Most of what we do in an entreprise context is related to risk management. That's especially true in IT, even if IT decisions are not always (often?) handled that way. There are some risks associated with Entreprise 2.0 and web technologies, but these risks must be weighted by the benefits and the risks for not using them, otherwise a proper risk analysis is impossible. Besides that analysis should go way beyond the technology scope and must embrace each company objectives as is mentionned at the end of the article.

I'd like to emphasize the data security risk: it's often considered as a very technology-related risk (as opposed to reputation related risks for instance), to be tackled by IT. But imho that's an highly flawed point of view. Most of the data security issues are human related: forwarded email containing information that should be transfered, important spreadsheet not saved on a server and lost after a PC crash, the system engineer who can get access to the CEO emails because he's got that "magic" admin password, the sales who leaves the company with a listing of all customers, people who receive unknown emails with an attachment and open that attachment, etc, etc.

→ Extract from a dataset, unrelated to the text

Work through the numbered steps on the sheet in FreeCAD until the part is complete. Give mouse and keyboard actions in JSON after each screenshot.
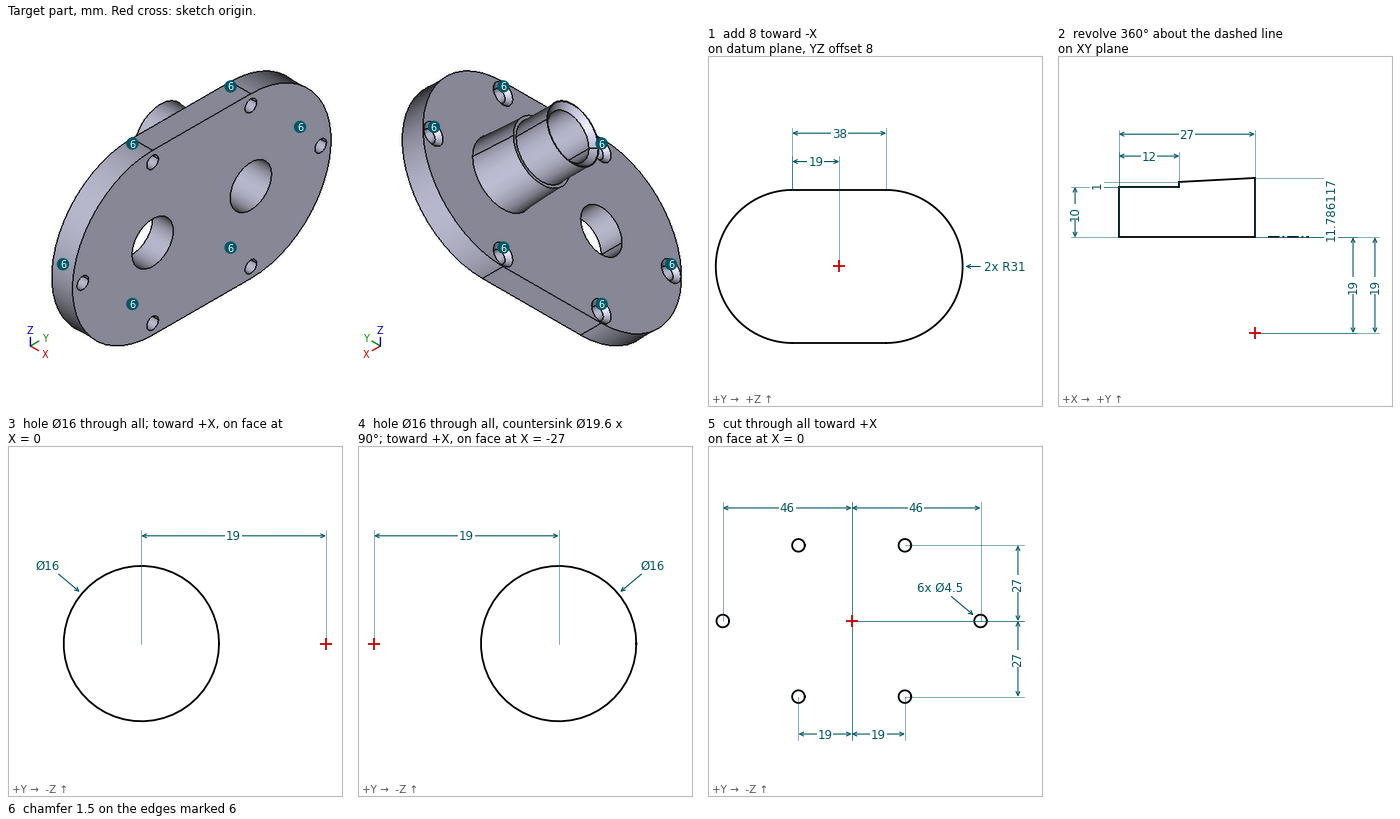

I'd bet that's more than 90% of the security issues.

Two examples.
(1) You cited a Forrester study on security: well, Forrester knows a lot about security as 3 months ago their HR head had her laptop stolen, containing critical HR data all unsecured (http://www.01net.com/editorial/365749/forrester-se-fait-voler-ses-donnees/ , sorry for the article being French)
(2) A friend of mine works in an IT department in the health industry; they get all sort of security reviews and approval from various organisms as they manipulate and store sensitive medical data. They have very strict security policies, enforced by very serious security managers (or pretend to be). A couple of months ago they discovered that some IT technicians managed to install unauthorized Wifi routers in the ceiling of their highly secured 24x7datacenter, linked to an unsecured Internet access, and apparently used to play network games. And they are reluctant to Entreprise 2.0 tools: too "unsecured".

The key point is: don't be obsessed by security from a technology point of view; as far as security is concerned technology is the tree hiding the forest. Entreprise 2.0 doesn't bring new security holes; but it can highlight the holes you don't tackle. Security is all about what you don't know, by definition; so having a conservative security policy is meaningless and does not reduce risk; it hides the risks, which is worse.